The person with ALS should expect to address several layers of concern at each visit, says Chad, such as:

• How am I doing? How is my breathing status, and is it time to consider noninvasive ventilation? Is it time to consider symptom-control medications or assistive equipment?
• Is there news about a clinical study for which I might be eligible?
• What’s new in the world of ALS care and research?

Follow-up visits also are a time to learn what to anticipate in the future. This might include discussing such things as ventilatory options, feeding tubes, mobility issues and whether the individual’s house can accommodate a wheelchair or other equipment when it becomes necessary.

Ringel notes that providing an understanding of what may happen down the road allows people time “to adjust and cope.”

A group effort

It’s extremely helpful for family caregivers to attend follow-up clinic visits with their loved ones. ALS affects the entire family, so the more education and understanding everyone has about the disease, the better. Open communication can help ensure that everyone’s needs are met.

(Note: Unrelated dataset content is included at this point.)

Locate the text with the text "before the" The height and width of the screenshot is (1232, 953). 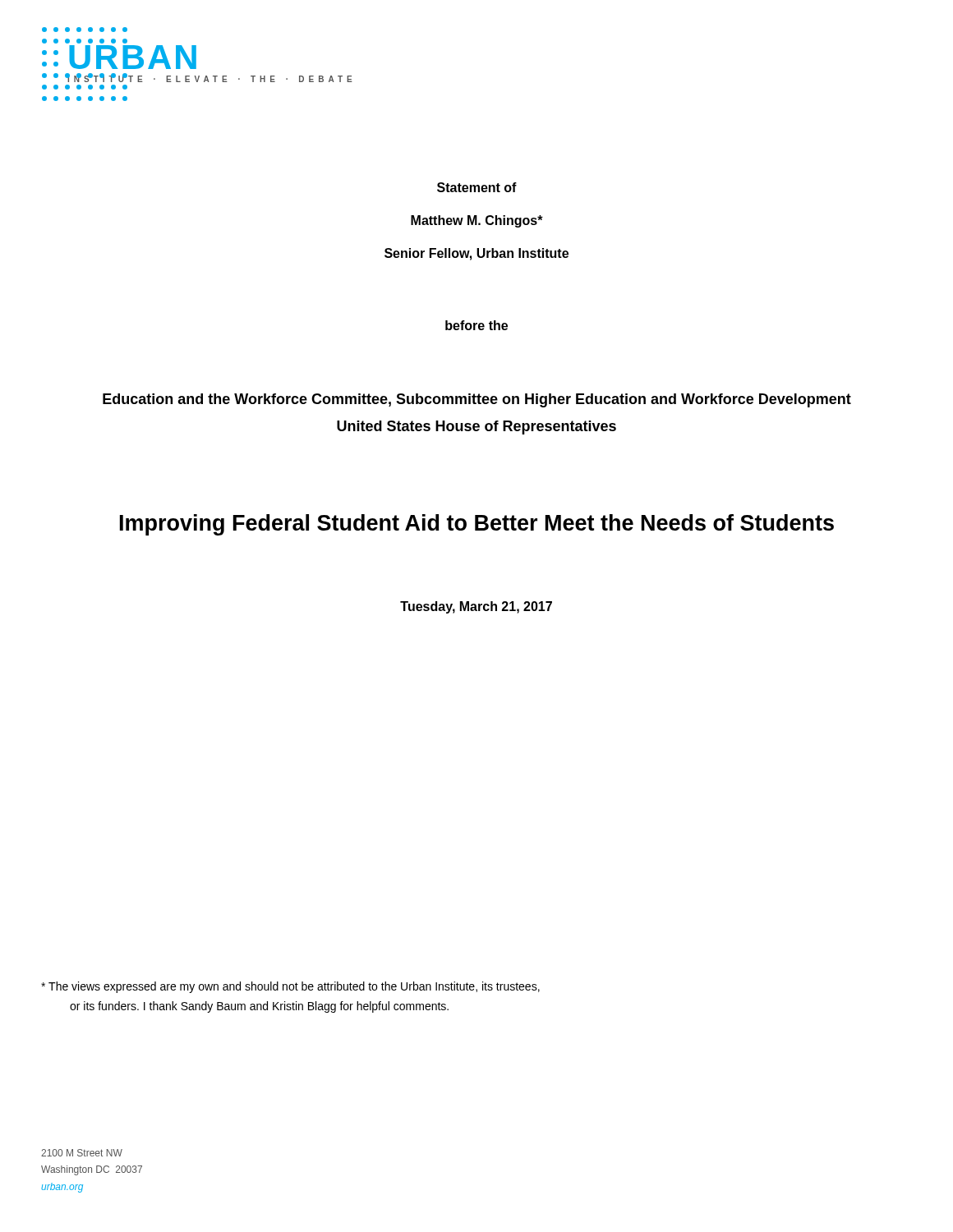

In fact, one of the roles of the physician, says Ringel, is understanding who’s filling certain caregiver roles, how they’re doing with it and what, if anything, they want or need to address. This helps ease fears and uncertainty and makes daily living with ALS easier on both the individual with ALS and caregivers.

Cudkowicz suggests the caregiver “ask questions, advocate for the patient, share what’s working in the home (and what’s not), and address concerns and fears.”

Chad confirms that this type of support is crucial. “The caregiver/family member is an integral member of the care team, joining the nurses, doctors and therapists, and working collaboratively to achieve the best possible symptom management.”

Making the most

With so much to gain, making the most of follow-up visits is key.

It’s always a good idea to write down ahead of time the things you want to talk about. Ringel suggests keeping a notebook for that purpose.

In addition, Cudkowicz suggests bringing along a list of medications, and contacting the clinic in advance if you want to schedule an appointment with a particular specialist. She also recommends bringing in any equipment for which you want instruction, or that you want the team to evaluate.

Make sure the ALS team coordinates with your family doctor or any other health care professionals you see on a regular basis. In many cases, the ALS physician will notify your other doctors in writing of the ALS diagnosis; if they don’t do it automatically, make a specific request. MDA health care service coordinators often can facilitate this process.

Says Mitsumoto, “Together we provide some kind of hope, whatever kind of hope we can. We’re making a team — physicians and patients — working together to solve a prob-lem. If everyone feels that way, it can only result in success.”